The Longest Legal Document of Our Lives: The Surrogate Contract
The most legal intense part of any surrogacy journey is the contract between the intended parents (IP) and surrogate or gestational carrier (GC).
It’s a dense, complicated, beast of a legal document. You have to make challenging decisions about who will care for your unborn child if something happens to you and your partner, understand the impossible medical insurance landscape in the U.S, and navigate the evolving medical landscape of what pregnant women can/can’t/shouldn’t do.
While doing all this, you can’t help but feel a twinge of jealousy towards couples who conceive without assisted reproduction. They don’t have to negotiate upfront every aspect of a 9 month pregnancy where literally anything can happen. They don’t have to think about how safe the tap water is in a city they have never lived in. However, as gay intended dads, we have to do this, and so I wanted to take this opportunity to share some personal reflections and guidance on how to approach this document for any other gay intended dads on their own journey.
Before this, my husband and I had to navigate the contract with our egg donor. I previously wrote about that experience, but the egg donor contract is nothing compared to the surrogate contract.
In total, we spent about 10 hours on this document. That includes reading, discussing it with each other, researching topics on our own, and talking with our lawyer.
My first - and probably most important - piece of advice to all intended dads: Don’t rush this.
Read every word. Ask every question. Make sure you are 100% comfortable with the document, but also understand that everything cannot be controlled. You have to trust your surrogate. If you are having trouble with the contract and craving more detail and control, perhaps you should reflect on and revisit your match before proceeding.
Also, it’s important to note that there must be separate lawyers on both sides: One for the IPs and a different lawyer for the surrogate. While the IPs cover the costs of the surrogate’s lawyer, this is as far as any conflict of interest can go. The surrogate needs separate, independent legal representation for the process to be ethical.
One of the Hardest Decision for Intended Parents
In the egg donor contract, my husband and I were confronted with our own mortality when we had to specify what should happen to our embryos in case of one or both of our untimely demise.
The surrogate contract takes this to another level, as you have to specify who will care for and raise your child if both IPs pass away before the birth.
I don’t think there has been a more challenging hypothetical scenario for my husband and me. It’s heartbreaking to think of how much we want to be parents and everything we have done to get to this point, only to never meet our child. We definitely did not want to contemplate this reality for long, but we had to discuss who would be best positioned to raise our child in our absence.

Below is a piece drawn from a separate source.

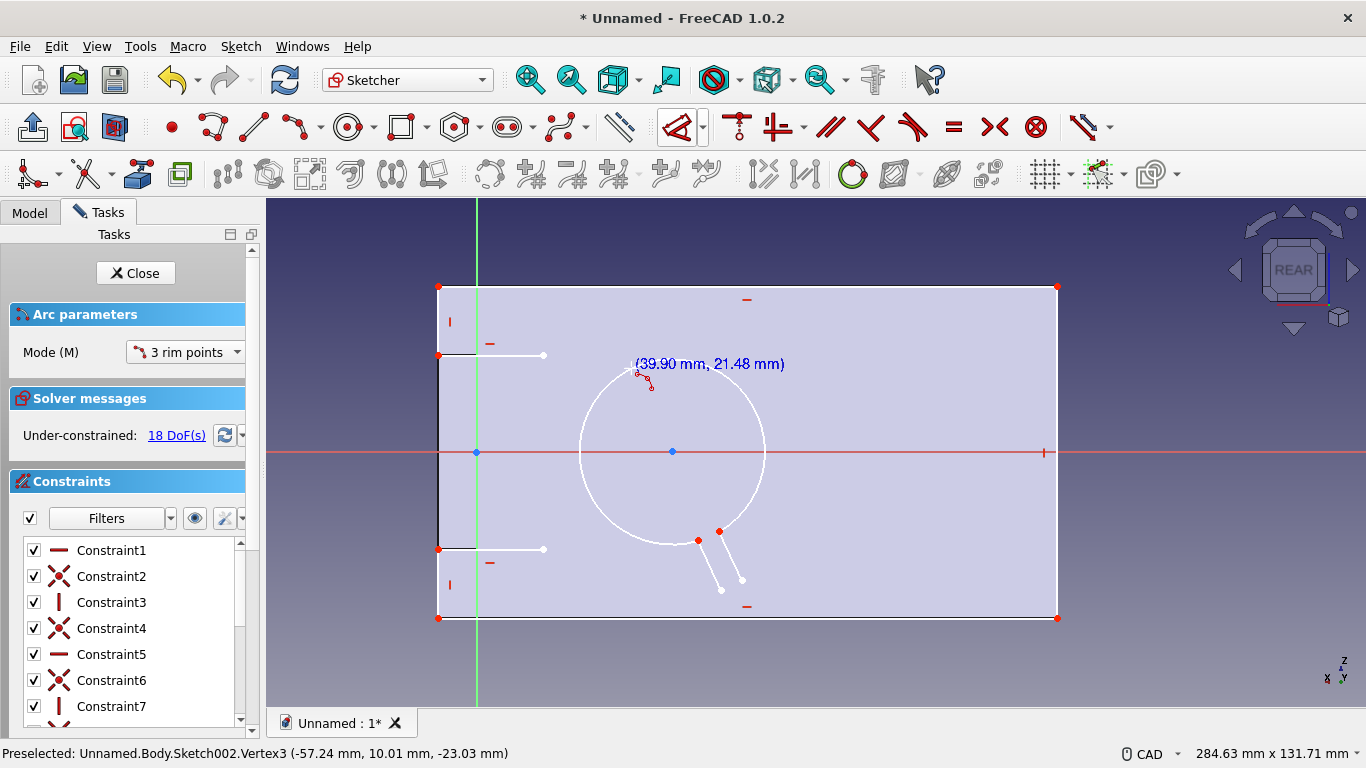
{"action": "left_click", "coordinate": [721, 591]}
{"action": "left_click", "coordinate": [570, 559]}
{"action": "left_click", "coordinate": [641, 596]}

We had to think about the situation from a number of different angles:
Who will love our child as their own?
Who knows both my husband and I well enough to make sure our child knows who his/her parents were?
Who will keep our memory alive for our child?
Who has the emotional and financial bandwidth (in this economy, right?) to support another child?
We are in the fortunate position to have both biological and chosen family who are willing to take on this role for us. However, we still had to decide and reach out to them with the terrible hypothetical situation and get their consent.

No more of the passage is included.